Samuel Strain Jr. (born December 9, 1939) is an American retired R&B vocalist, known for his time as a member of Little Anthony and the Imperials (1961–1972; 1992–2004) and The O'Jays (1976–1992).

He holds the unusual distinction of being twice inducted into the Rock and Roll Hall of Fame: in 2005 with the O'Jays and in 2009 with Little Anthony and the Imperials.

==Early life==
Strain was born to Sammy Strain Sr. and Margaret Mosley in Brooklyn in 1939. He visited the Apollo Theater as a teenager, and dropped out of Alexander Hamilton High School, Brooklyn age 16.

==Career==
Strain formed The Chips with several friends in 1956. He sang with a tenor voice.

In 1961, Strain joined The Imperials; they were later rejoined by their lead singer, Jerome "Little Anthony" Gourdine, and returned to the group's original name, Little Anthony and the Imperials.
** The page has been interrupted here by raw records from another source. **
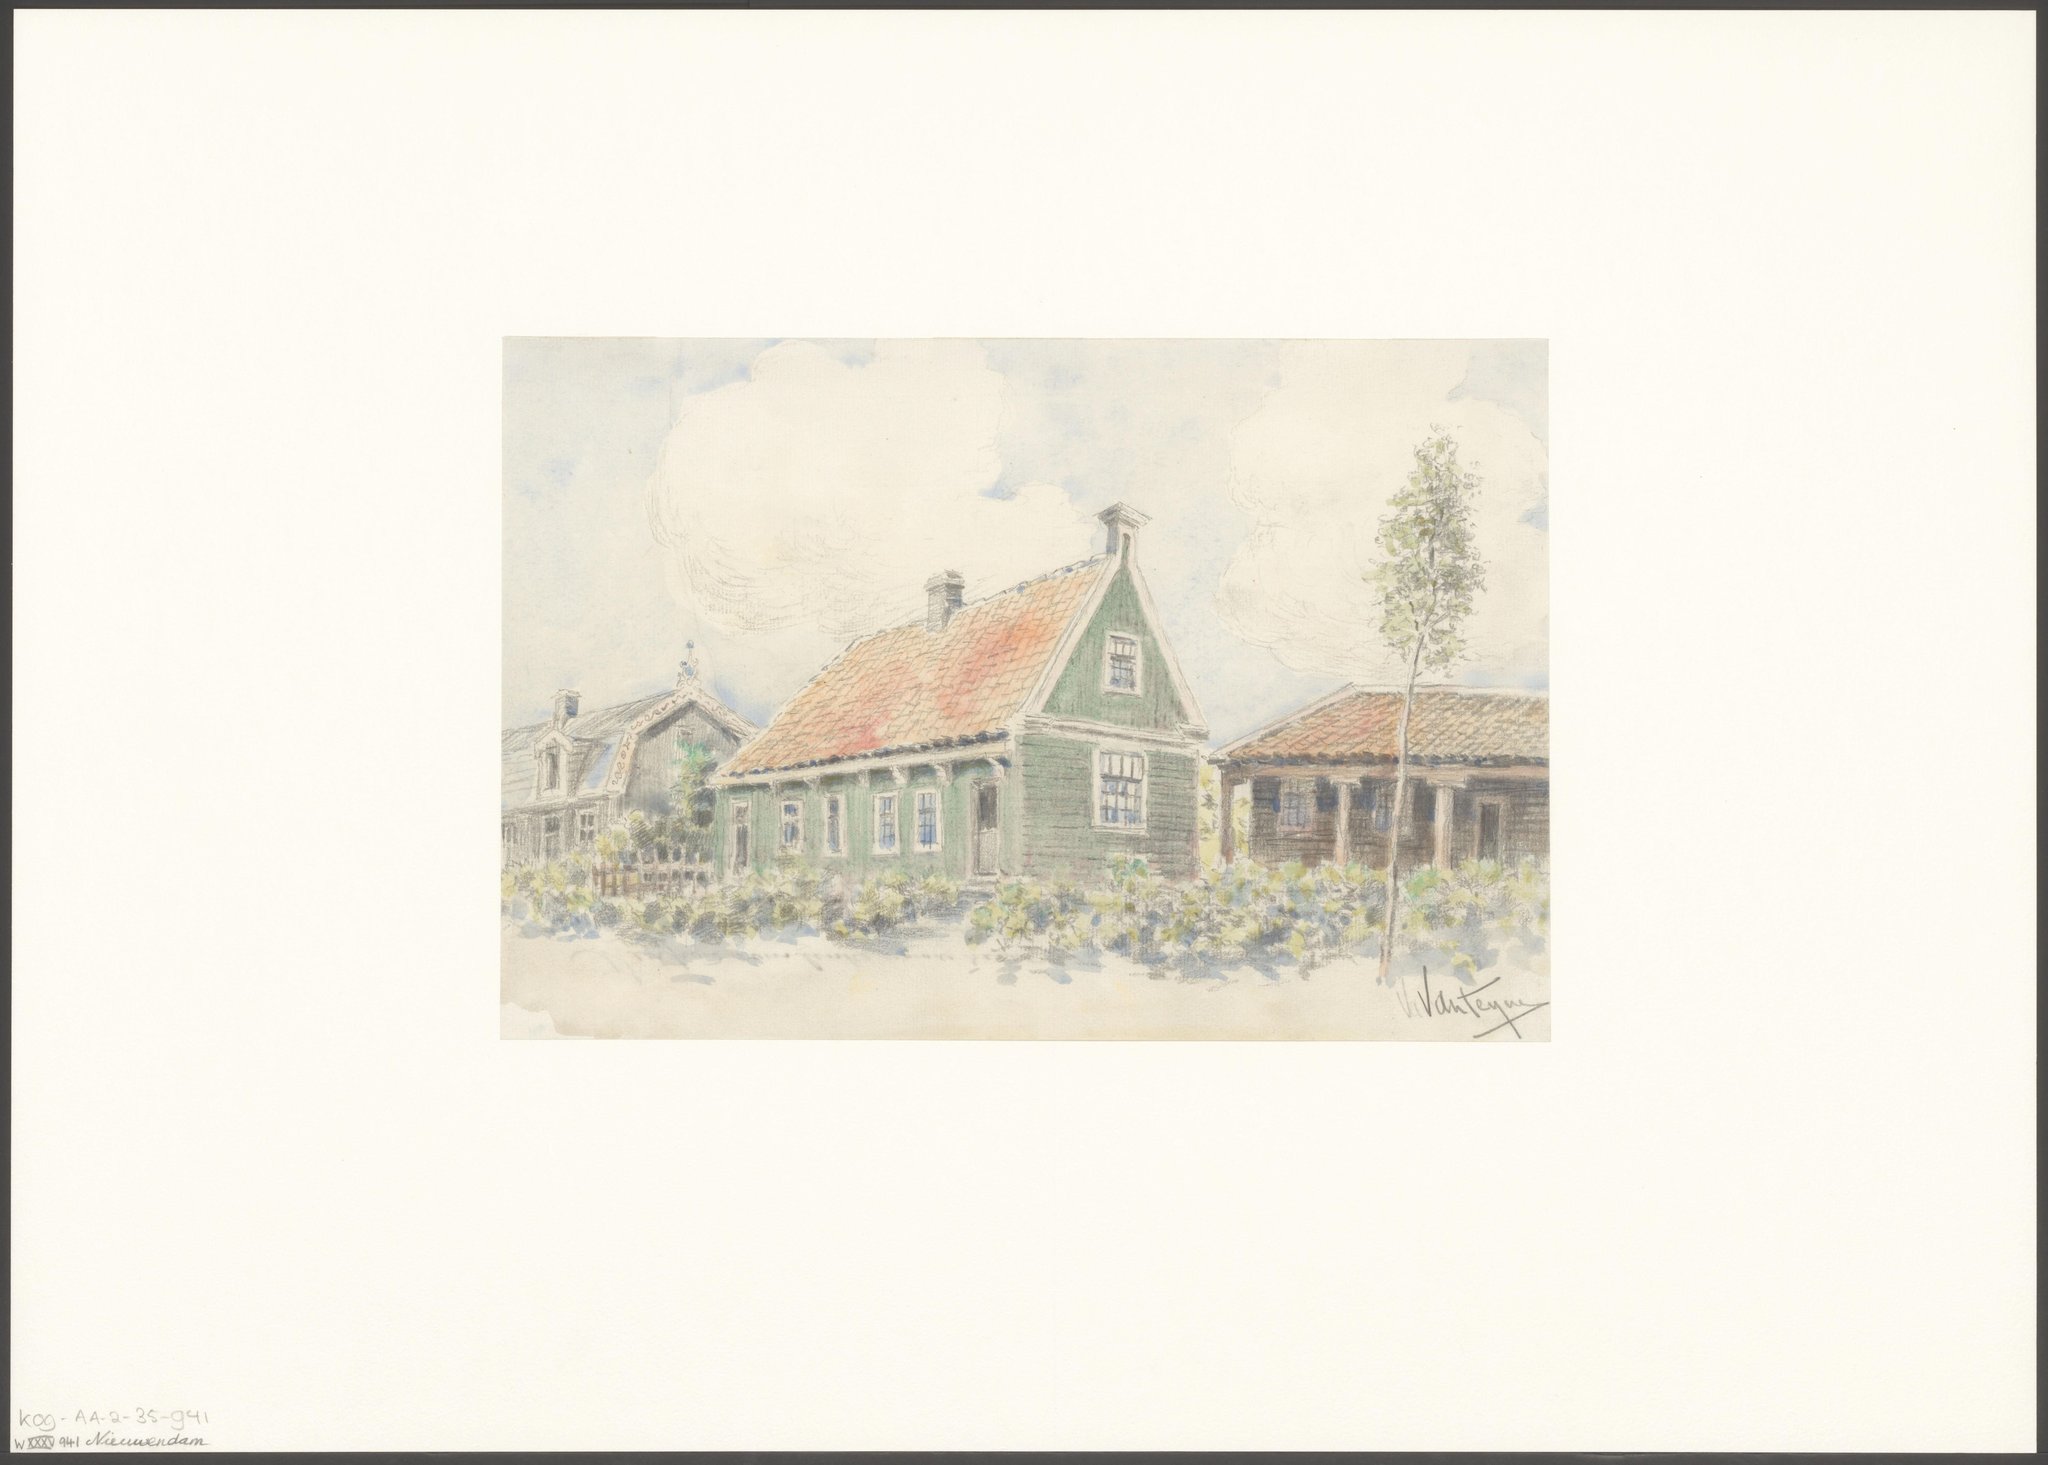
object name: drawing
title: Gezicht op huizen te Nieuwendam
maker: anthonie van teijn
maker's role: draughtsman, painter, print maker
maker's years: 1863-1943
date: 1906-1928
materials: chalk, paper, watercolor
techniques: brush
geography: amsterdam
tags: village, road, path, farm or solitary house in landscape
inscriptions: signature: ‘VanTeyne’, inscription: ‘Meerpon (?) van links (...) baksteen. / vanEck’
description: Tekening binnen de Atlas Van Eck ingedeeld op wijknummer 35.
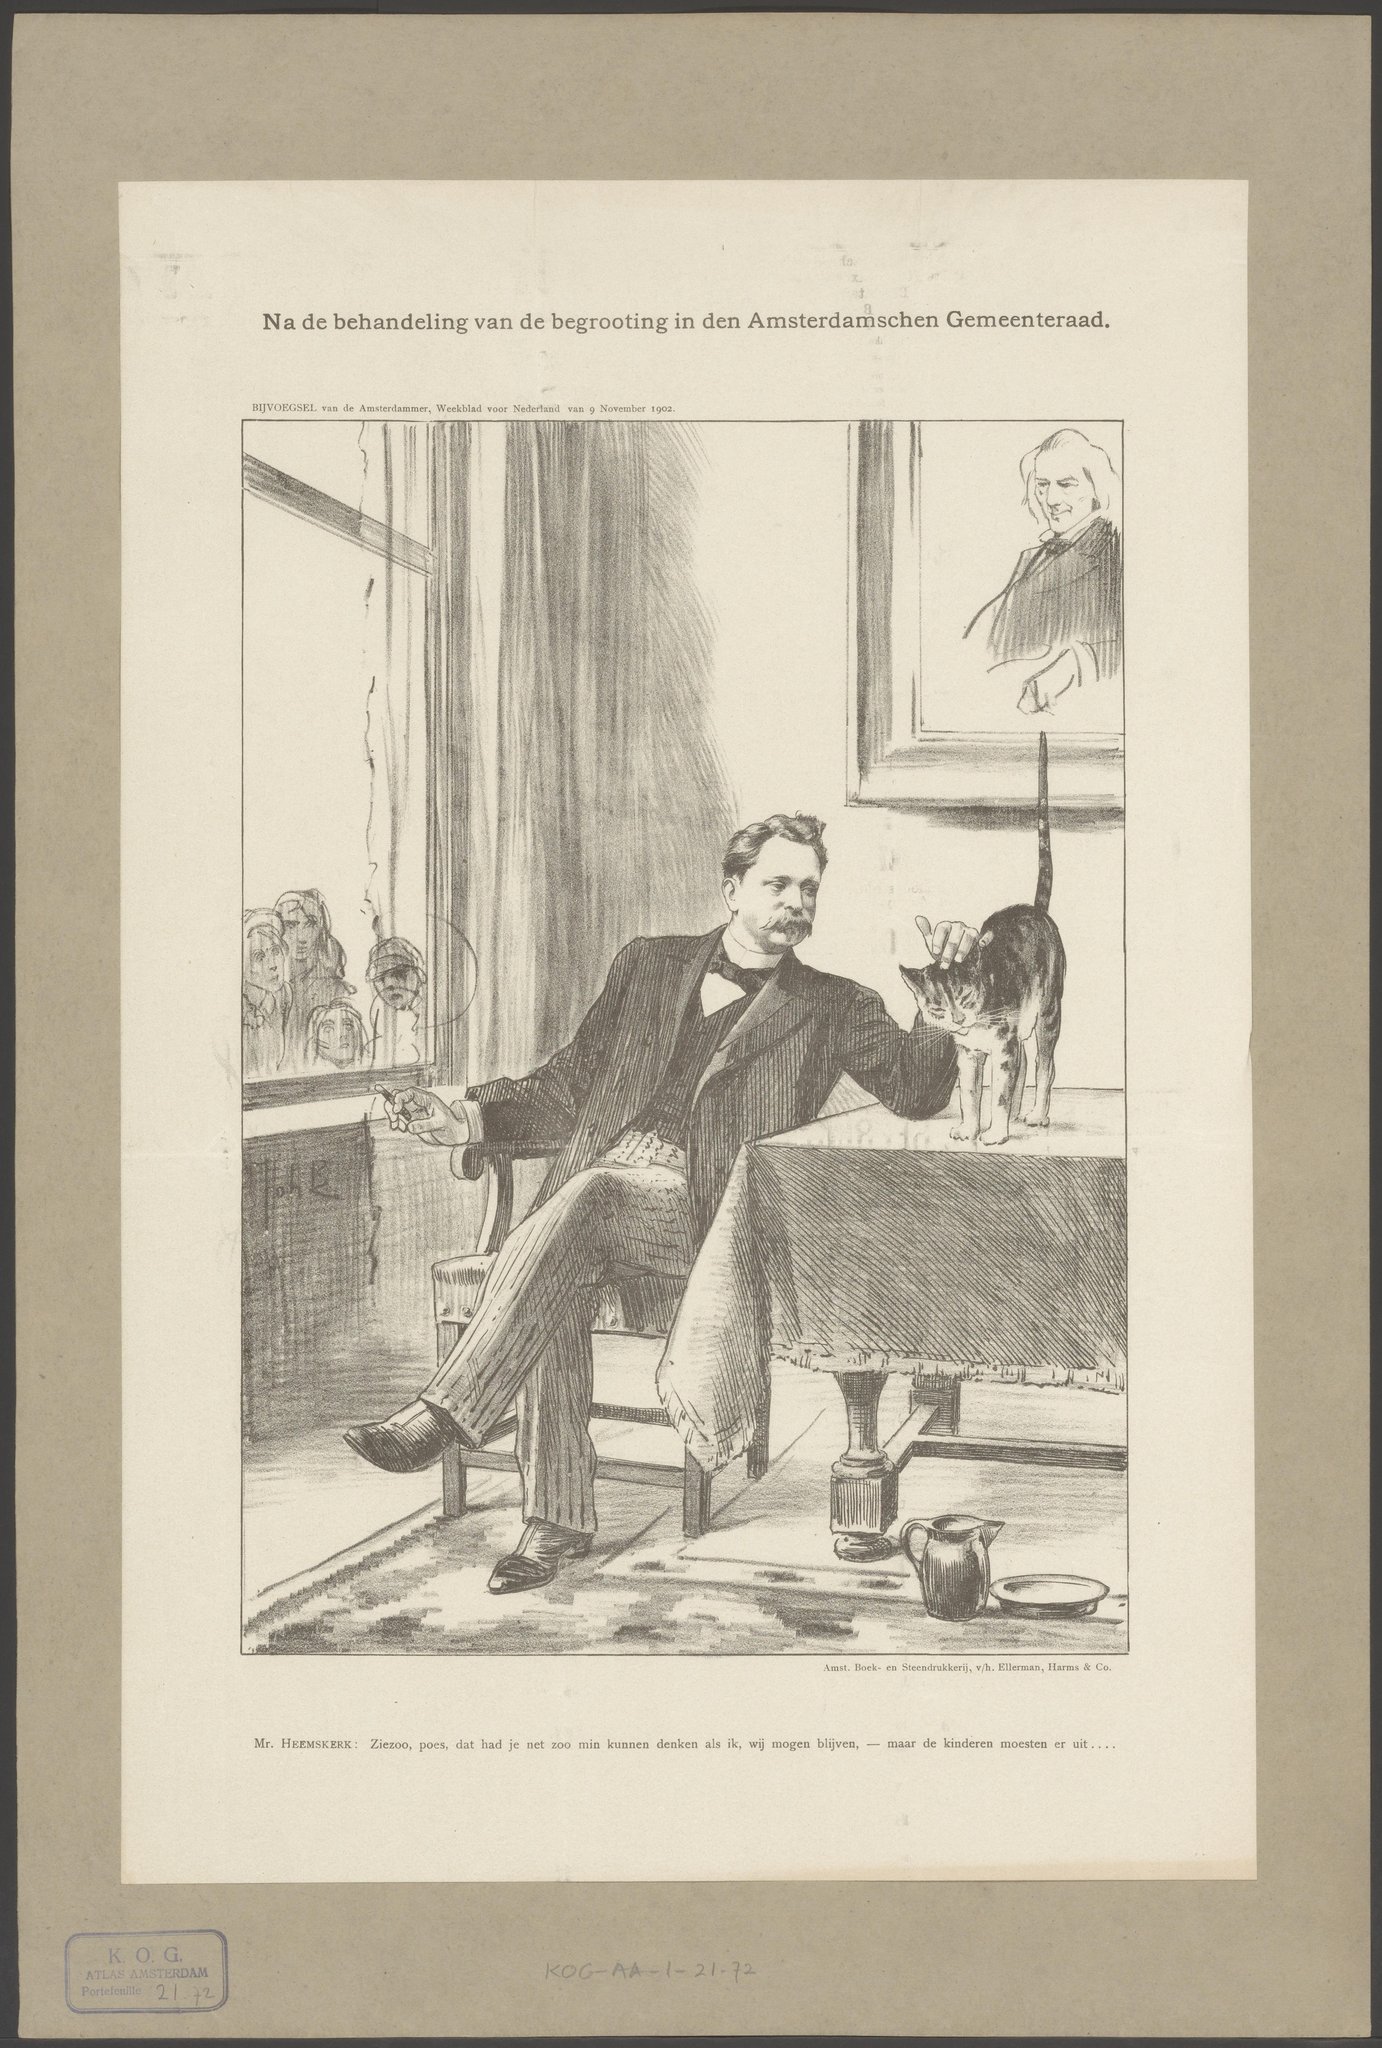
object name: cartoon
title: Theodorus Heemskerk aan een tafel gezeten met een kat
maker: johan braakensiek
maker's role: draughtsman, print maker
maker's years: 1858-1940
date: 1902
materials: paper
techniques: letterpress printing, lithograph
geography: amsterdam
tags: utrecht, politician, e.g. party leader, political caricatures and satires, amsterdam
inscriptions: collector's mark: Lugt 1641b
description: Gepubliceerd als bijvoegsel bij 'De Amsterdammer' van 9 november 1902.

Strain left the group in 1972 and was replaced by their choreographer Harold Jenkins. Strain then shifted to a career in food service, having a restaurant in Los Angeles and did not sing professionally for three years. At the end of that period, he was briefly a member of The Fandangos with Lonnie Cook and Alvin Walker. He also auditioned to be the lead singer for the group Arpeggio.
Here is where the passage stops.